Dernière mise à jour : 3 sept. 2019

Dimanche 24 février, 14h30, Canton de Vaud (Suisse). En rentrant de randonnée, par un temps radieux, je passe à proximité d’une ferme. Des meuglements étouffés et graves attirent mon attention. Ils semblent venir de l’extérieur, mais toutes les vaches sont enfermées dans le bâtiment. Inquiété par la nature des cris, j’ouvre la porte de l’établissement.


À l’intérieur, une centaine de vaches cessent momentanément de manger et m’accordent toute leur attention et curiosité. Dans un coin de l’étable, je remarque quelque chose d’anormal : la moitié d’un corps, couché et couvert d’excréments.

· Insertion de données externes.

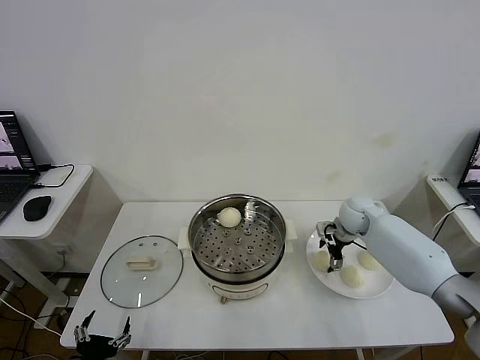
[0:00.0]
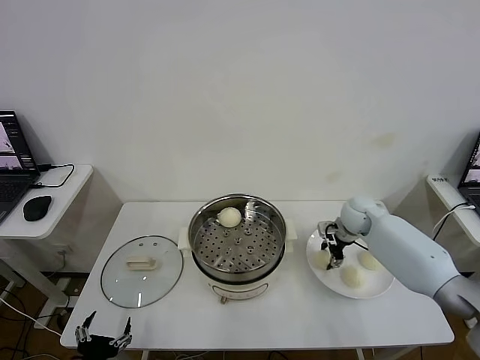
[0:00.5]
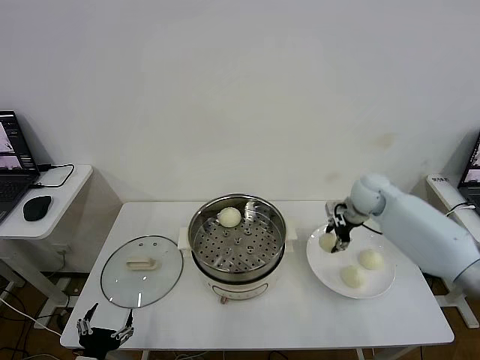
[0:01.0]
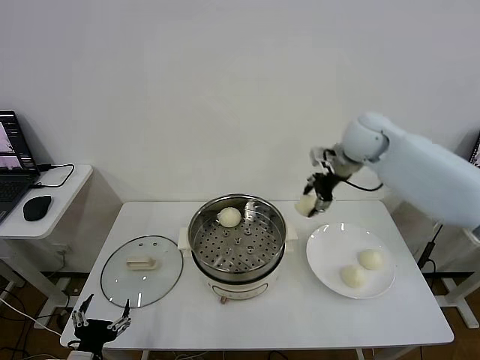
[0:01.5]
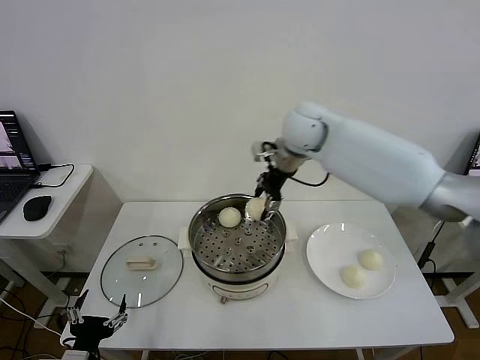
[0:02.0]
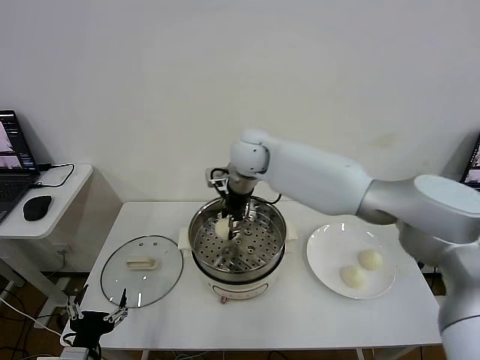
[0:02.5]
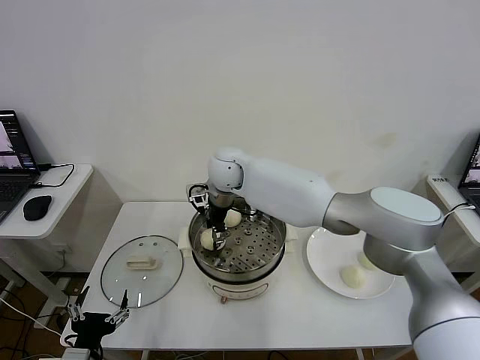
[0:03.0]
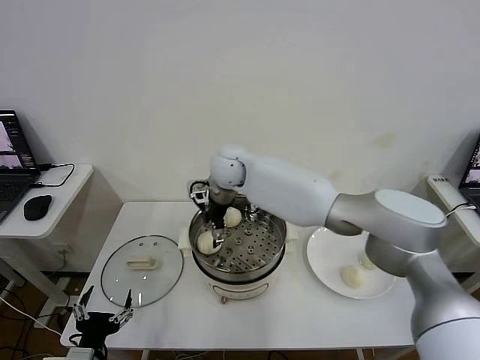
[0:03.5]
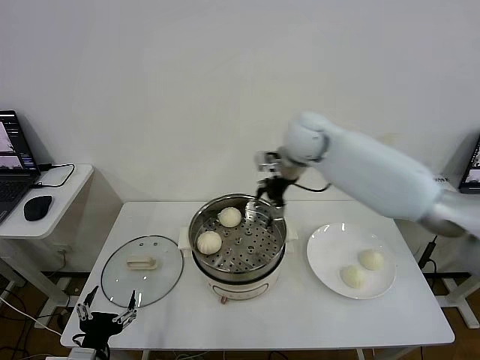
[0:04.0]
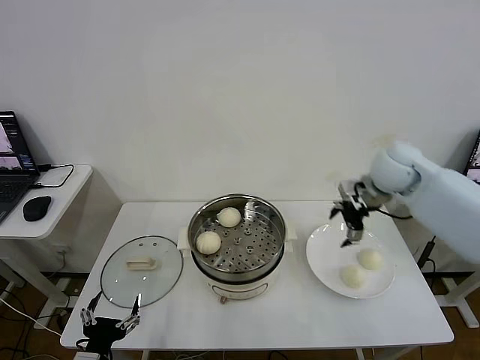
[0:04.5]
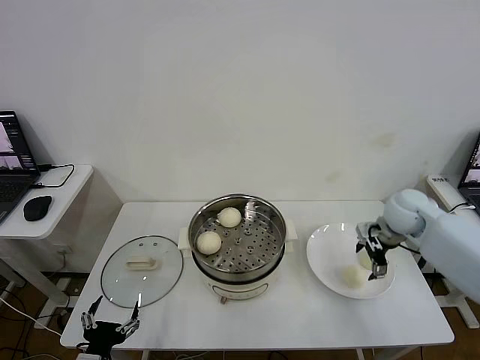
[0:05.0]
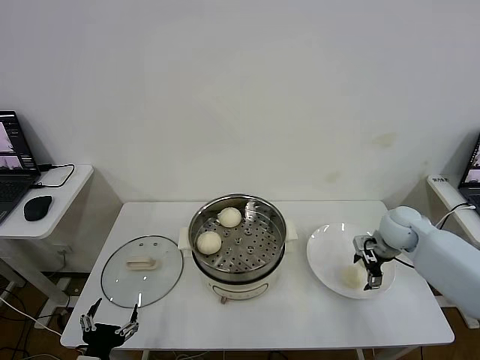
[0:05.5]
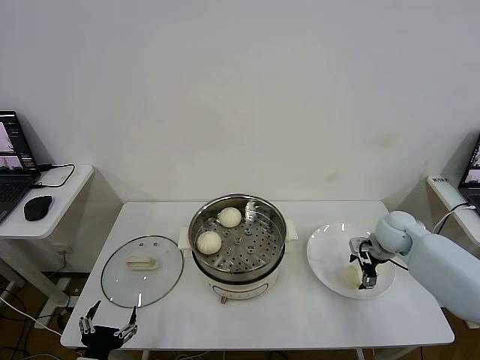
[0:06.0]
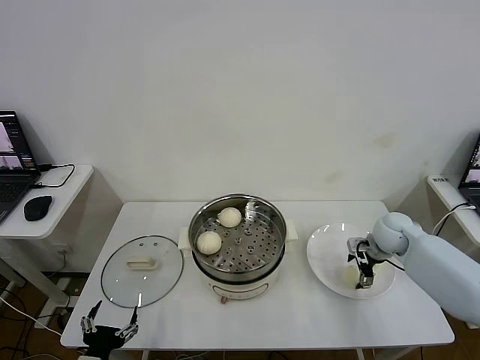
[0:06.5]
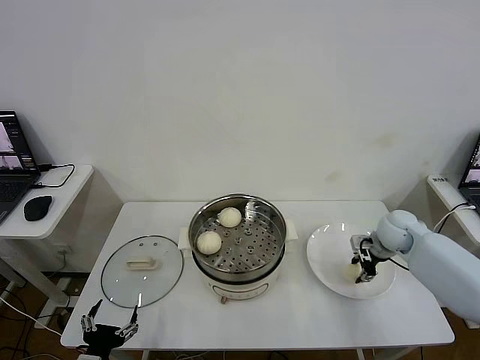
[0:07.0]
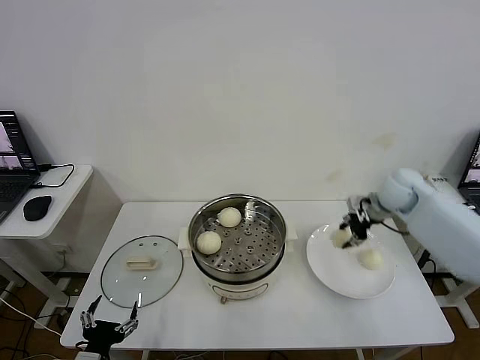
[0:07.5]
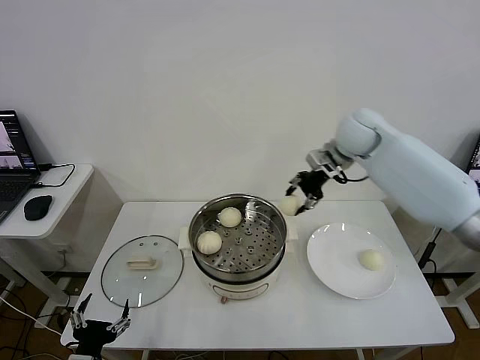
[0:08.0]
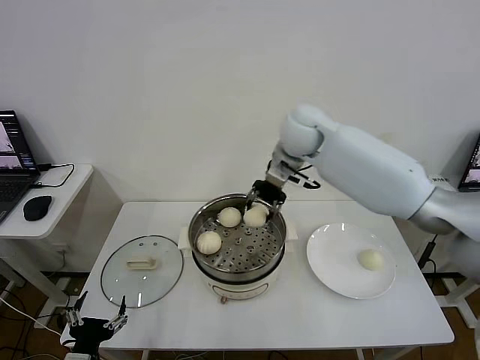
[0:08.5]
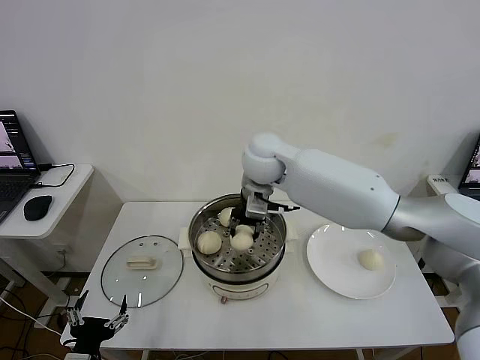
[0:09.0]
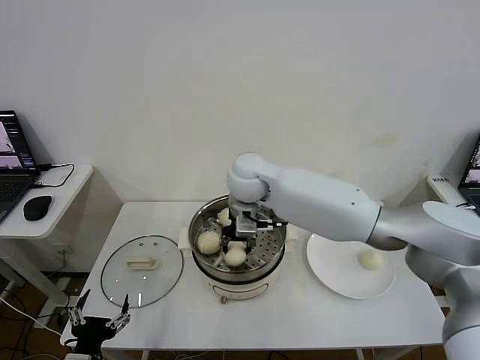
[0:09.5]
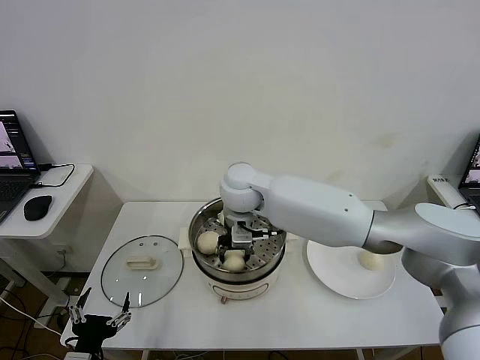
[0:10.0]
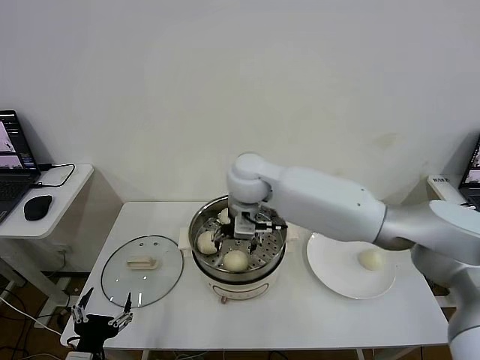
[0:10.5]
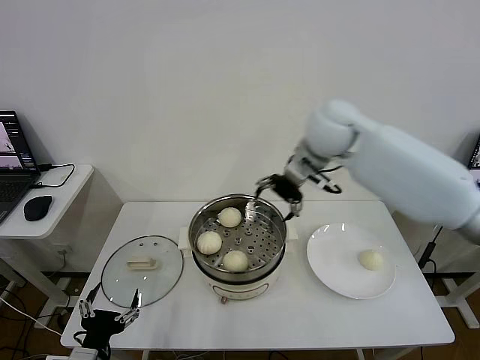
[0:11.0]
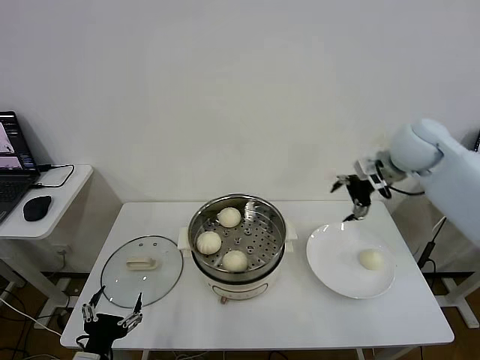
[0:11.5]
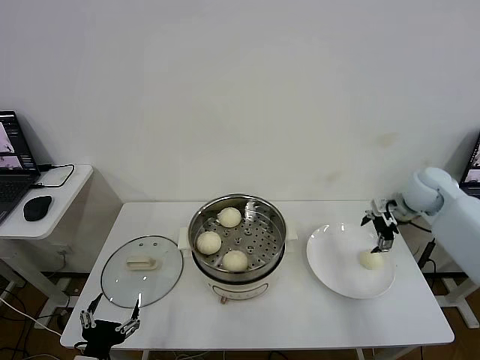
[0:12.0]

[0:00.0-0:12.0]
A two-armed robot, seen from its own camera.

Alors que je m’approche de ce que je crois être une vache sans vie, je constate qu’elle respire faiblement. Impossible de voir sa tête, qui est effectivement à l’extérieur du bâtiment. En ressortant, je comprends que cette vache est bloquée dans la grille menant à la fosse à purin. Dehors, je l’entends meugler de l’autre côté d’une lourde trappe en acier, que je crois d’abord scellée avec des vis. En insistant, je parviens à l’ouvrir. Dans un premier temps, je n'arrive pas à croire ce que je vois. J’aperçois la tête de la vache, plaquée contre les parois et grilles, recouverte d’excréments. Son œil gauche à moitié ouvert s’écarquille en me voyant, elle commence à s’agiter. Je comprends rapidement que je ne pourrai pas l’aider seul. J’appelle à l’aide à travers la ferme, les vaches me suivent du regard alors que je cours à travers l’étable à la recherche de quelqu’un ou d’un numéro de téléphone. Je ne trouve rien ni personne. Dans une partie isolée du bâtiment, une vingtaine de très jeunes veaux sont isolés, séparés de leur mère. Là non plus, rien. J’appelle alors immédiatement les pompiers.

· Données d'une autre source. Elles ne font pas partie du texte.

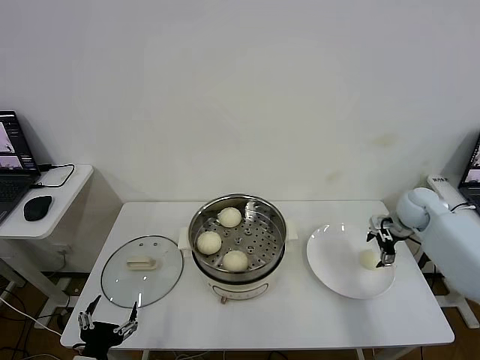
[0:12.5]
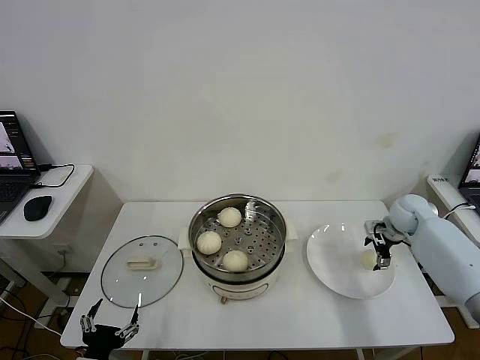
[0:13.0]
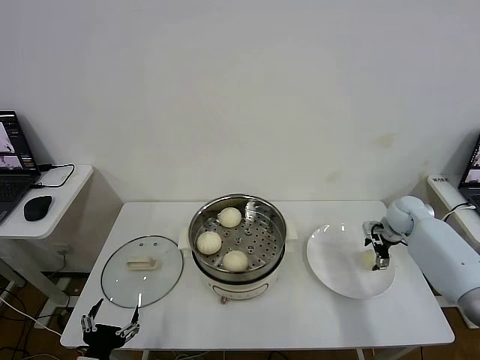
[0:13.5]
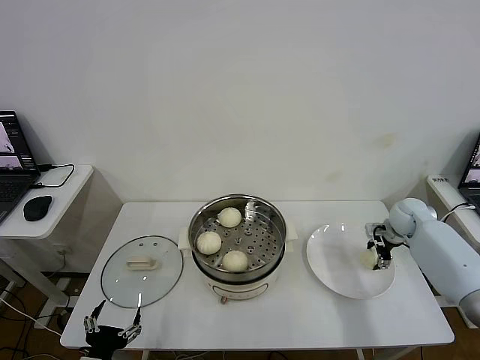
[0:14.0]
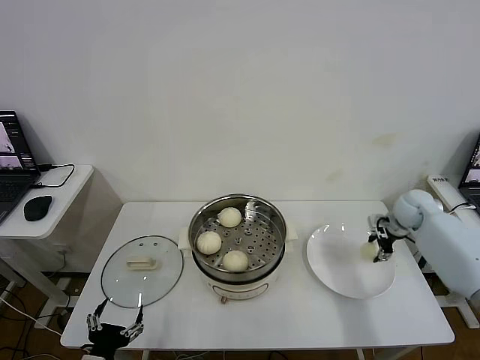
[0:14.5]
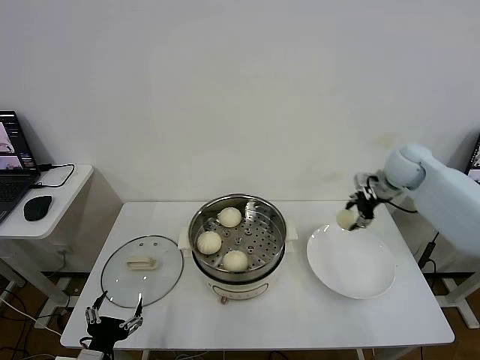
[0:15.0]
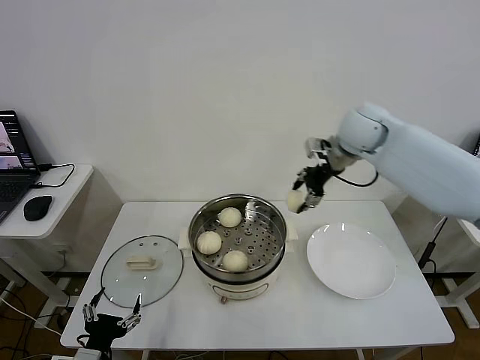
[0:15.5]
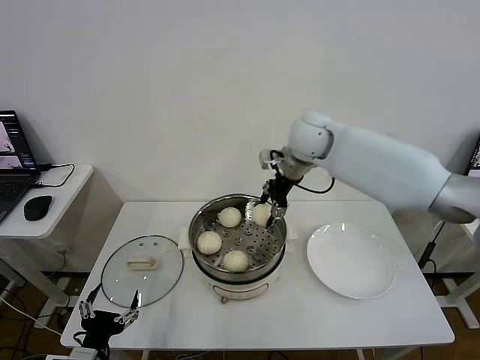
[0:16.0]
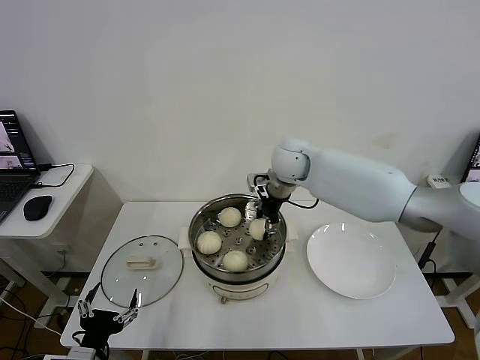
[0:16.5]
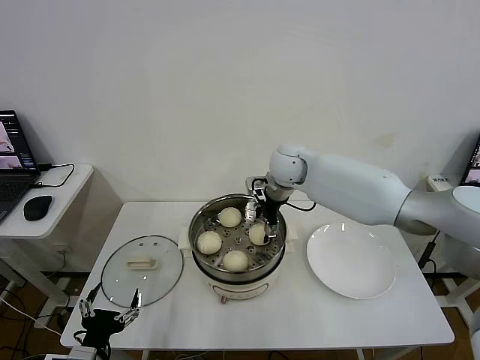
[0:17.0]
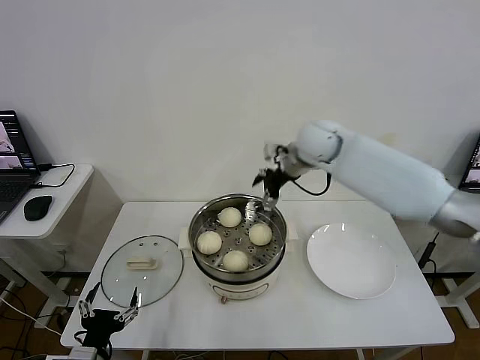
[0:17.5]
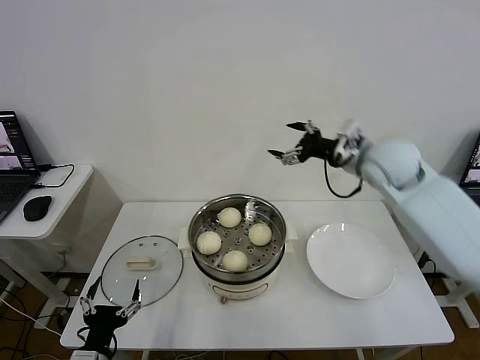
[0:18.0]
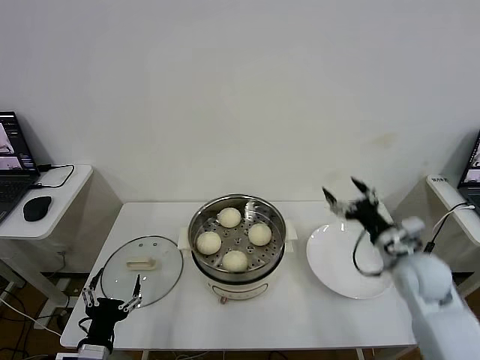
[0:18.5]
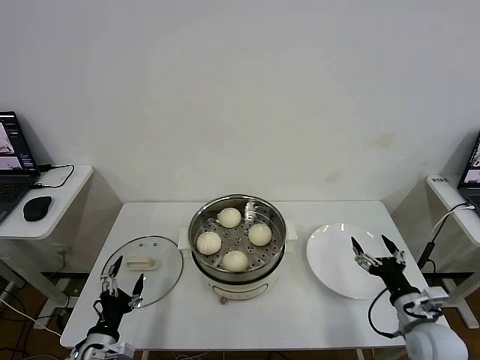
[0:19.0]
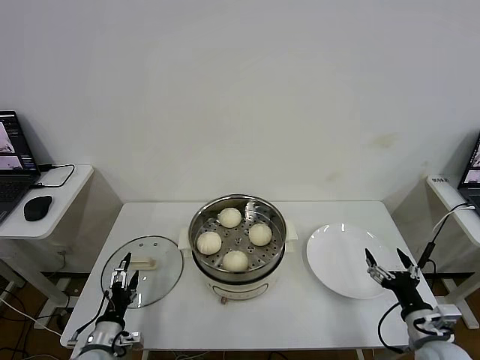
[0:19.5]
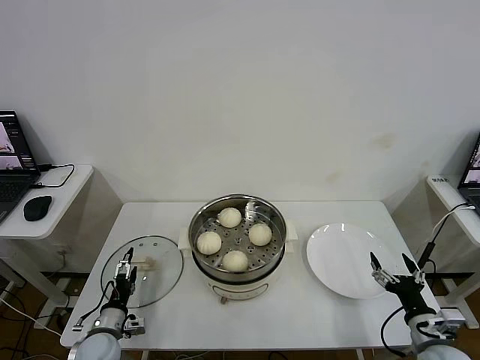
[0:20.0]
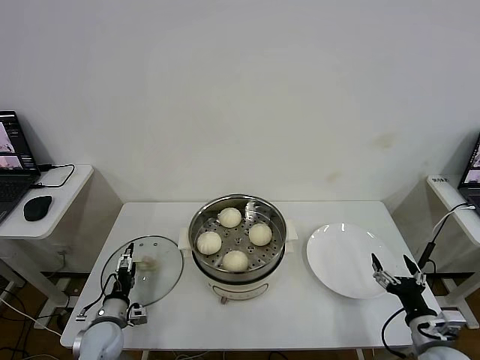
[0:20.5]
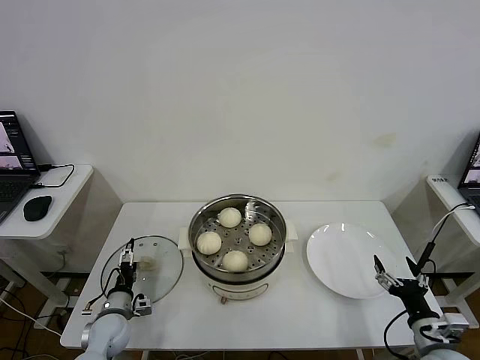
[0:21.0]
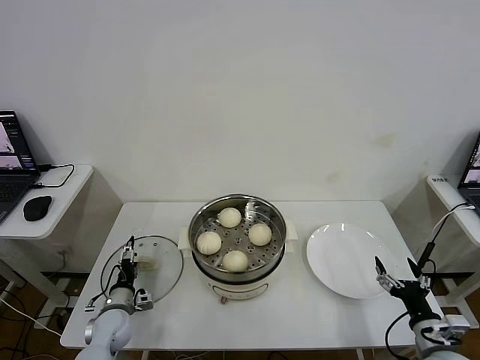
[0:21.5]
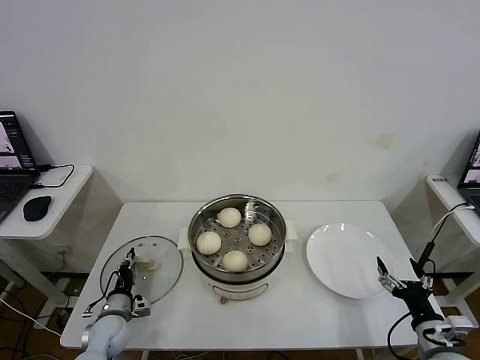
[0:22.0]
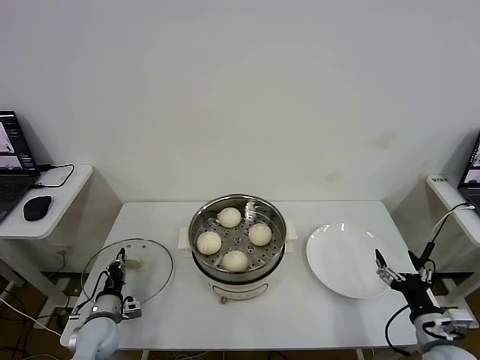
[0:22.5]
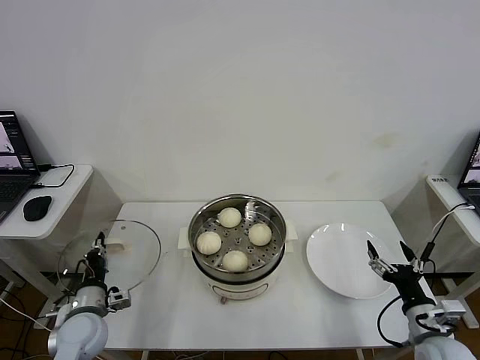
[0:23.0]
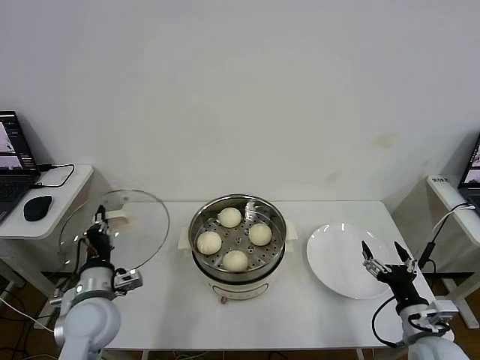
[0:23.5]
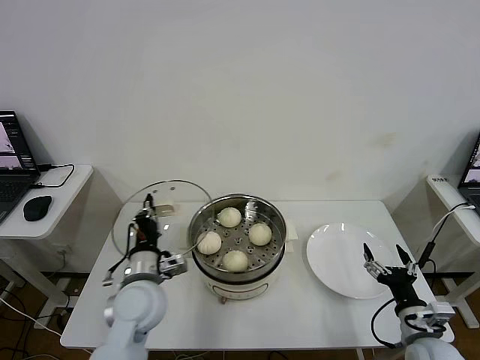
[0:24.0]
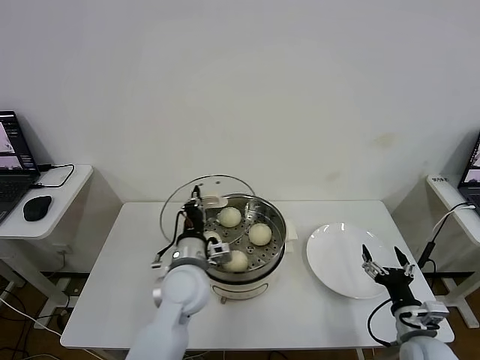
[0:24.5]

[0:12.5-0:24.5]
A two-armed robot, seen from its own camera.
Step, 0:14.5 to 0:17.0: Place the baozi on the steamer with right gripper.
Step, 0:17.5 to 0:22.0: Grasp the pot lid with left gripper.
0:12.5 to 0:14.5: The right gripper closes its fingers.
0:14.5 to 0:16.5: The right gripper heads to the left, covering some 35 cm.
0:16.5 to 0:18.5: The right gripper shifts roughly 35 cm to the right, backward and downward, and opens its fingers.
0:18.5 to 0:20.5: The left gripper goes about 15 cm forward and downward; the right gripper moves backward and downward, about 20 cm.
0:20.5 to 0:22.5: The left gripper closes its fingers.
0:22.5 to 0:24.5: The left gripper moves to the right and upward, approximately 30 cm.

Je tente d’apaiser du mieux possible cet être vivant. Sur son oreille, la boucle auriculaire porte le numéro « 29257 ». Je ne peux imaginer sa peur et son incompréhension, coincée dans l’obscurité et dans les excréments.

Une équipe est envoyée. En attendant leur arrivée, je tente d’apaiser du mieux possible cet être vivant. Sur son oreille, la boucle auriculaire porte le numéro « 29257 ». Je ne peux imaginer sa peur et son incompréhension, coincée dans l’obscurité et dans les excréments depuis plusieurs heures, voire jours. Je ne peux pas faire grand chose de plus que lui caresser la joue. Au moins, avec la trappe ouverte, elle peut voir le ciel et respirer de l'air frais.



Un quart d’heure plus tard, l’éleveur a rejoint la ferme, averti par les pompiers qui arriveront peu de temps après. À l’aide d’une sangle et d’un véhicule agricole, la vache est tirée par les pattes arrière sans ménagement. La personne m’accompagnant a juste le temps de lui dégager la tête et les oreilles alors que le tractage a déjà commencé. Bien mal en point, la vache est maintenant dans l’enclos, couchée au sol. Celles qui partagent son espace ont été envoyées dans leur enclos extérieur, d’une dizaine de mètres de large. Les pompiers et l’éleveur la retournent complètement sur le côté. Son corps entier est couvert d’excréments et de blessures apparentes, elle n’a pas la force de se lever ou d’entreprendre la moindre tentative de mouvement.


Comment s’est-elle retrouvée coincée dans la fosse ? Cette ferme, construite en 2018, est munie d'un râtelier automatique qui évacue les selles et urines régulièrement. Il est plus que probable qu’elle ait été prise dans ce râtelier, qui l’a alors coincée dans l’étroit goulot d’évacuation.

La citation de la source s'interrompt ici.